Ever since consumers became more health conscious, investors have lost their faith in most of the tobacco companies. With people abandoning their smoking habits, sales volumes for traditional cigarettes have been constantly dropping. As a result, Lorillard Tobacco (NYSE:LO), Philip Morris International (NYSE:PM), and Reynolds American (NYSE:RAI) are increasing their prices to make up for the volume declines.
In the first quarter, Lorillard's earnings grew 4.5% year-over-year to $0.69 per share on the back of strong revenue in the traditional cigarettes segment and the impact of share buybacks. During the quarter, the company repurchased 3.2 million shares at a cost of $158 million.
Traditional cigarettes' net sales increased 1.4% to $1.541 billion as higher prices offset lower sales volume. Adjusted gross profit rose 4.2%, which in turn increased adjusted operating income by 4.9%.
As the company reduced its prices for rechargeable kits, net sales for e-cigarettes declined 4% to $49 million. Adjusted operating loss for the segment was $5 million due to the impact of advertising costs in the U.S. and rebranding expenses in the U.K.
What's in store for the future?
As health-conscious people continue to quit smoking, most of the cigarette companies are increasing their prices to offset the volume declines. Though this strategy is paying off in the short term, it isn't a long-term solution for the declining tobacco industry. In other words, the catalyst for Lorillard's growth in the coming years will be its e-cigarettes.
Lorillard's e-cigarette brand for the U.S. market, blu, is doing a great job; its share in the country rose to 45% in the recent quarter, according to Nielsen. Moreover, the company's acquisition of SKYCIG will ensure that it makes further inroads in the UK's e-cigarette market as well. On the whole, Lorillard's long-term future in e-cigarettes looks quite secure.
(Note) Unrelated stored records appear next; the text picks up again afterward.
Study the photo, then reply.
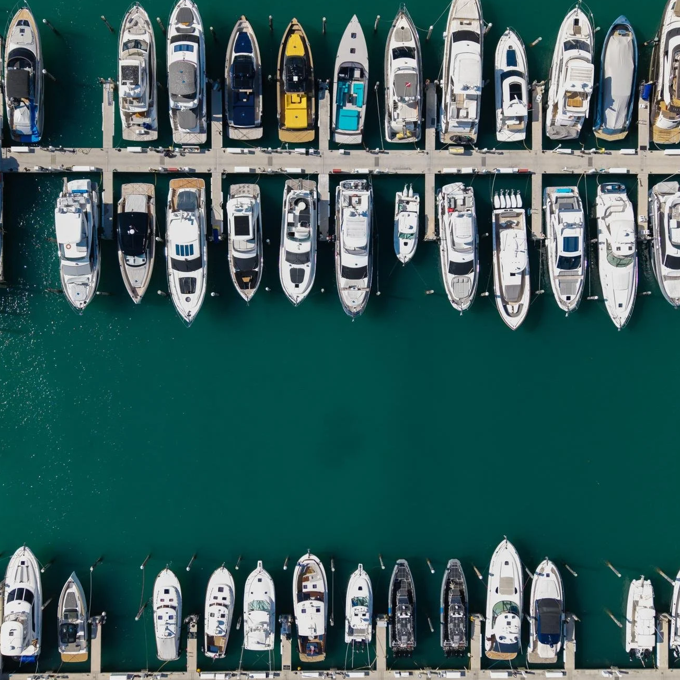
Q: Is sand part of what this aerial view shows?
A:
No
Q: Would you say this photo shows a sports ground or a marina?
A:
marina
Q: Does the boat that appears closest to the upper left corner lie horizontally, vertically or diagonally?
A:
vertically
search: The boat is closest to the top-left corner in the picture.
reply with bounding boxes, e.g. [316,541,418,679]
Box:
[5,2,50,144]
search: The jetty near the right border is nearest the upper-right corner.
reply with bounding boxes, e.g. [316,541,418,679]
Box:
[637,84,649,149]
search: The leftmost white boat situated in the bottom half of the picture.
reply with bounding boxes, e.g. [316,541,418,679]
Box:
[1,540,45,662]
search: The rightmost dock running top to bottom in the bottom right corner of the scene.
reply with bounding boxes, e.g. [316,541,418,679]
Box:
[654,617,668,670]
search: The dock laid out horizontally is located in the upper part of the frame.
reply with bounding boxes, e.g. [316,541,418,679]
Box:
[3,148,680,175]

Lorillard expects its blu category in the U.S. to keep operating at a break-even level in the short-term. The reason behind this is its decision to lower prices on rechargeable kits to attract more customers. As the company is rebranding its product from SKYCIG to blu in the U.K., it expects to incur more marketing and launch costs this year. The net operating impact of these investments over the next six to nine months could be around $10 to $20 million. In short, the company won't be making any substantial profit from the e-cigarettes category in the next few quarters.
Of all these tobacco giants, Philip Morris is the only company which hasn't provided any return in the last year. When we compare Lorillard to Reynolds, we see that Lorillard's share price has appreciated a lot more than that of Reynolds. It's also cheaper than Reynolds, which is evident from its lower forward price to earnings (one-year) ratio. Lorillard's high cash per share shows that the company can keep yielding healthy dividends in the future, plus, it can easily repurchase shares to boost its share price.
Philip Morris and Reynolds American
Philip Morris once again posted disappointing results as its earnings dropped by 8% in the recent quarter. Revenue in the European region improved slightly due to higher pricing; however, sales for Asia and Canada declined significantly.
Growing health concerns about cigarettes aren't going anywhere, which is a worrying sign for the company. The National Health Insurance Service, or NHIS, South Korea's state health insurer, has recently said that it will be suing Philip Morris, British American Tobacco, and local market leader KT&G in a South Korean court. NHIS is seeking $51.9 million from these three tobacco giants to offset treatment costs for smoking-linked diseases. NHIS says it spends around $1.6 billion every year to treat smoking-related diseases.
Compared to the last year, Reynolds American's first quarter adjusted earnings remained flat at $0.72 per share. Just like its peers, its sales volume declined, though its Camel and Pall Mall brands did a better job.
In order to meet the changing preferences of consumers, the company plans to invest heavily in smokeless and moist snuff products. Apart from this, it expects a lot from its e-cigarette brand, VUSE, which will begin nationwide distribution in fiscal 2014.
Like all tobacco companies, Lorillard's sales volume has taken a hit as a result of growing numbers of health-conscious consumers. This is why the company is raising its prices to offset the volume decline. However, this strategy isn't sustainable over the long run because it can't hike prices on a regular basis.
On the other hand, Lorillard's e-cigarette brand, blu, has been doing a great job over the last few months, which is why the company is investing a lot in it. Once the company gets a hold in the U.K. e-cigarette market, its e-cigarettes will become the major driving force behind its revenue. This in turn means that it won't to have to raise prices for traditional cigarettes in the future. On the whole, Lorillard's future looks brighter than those of most of the tobacco companies, which makes it a good long-term buy.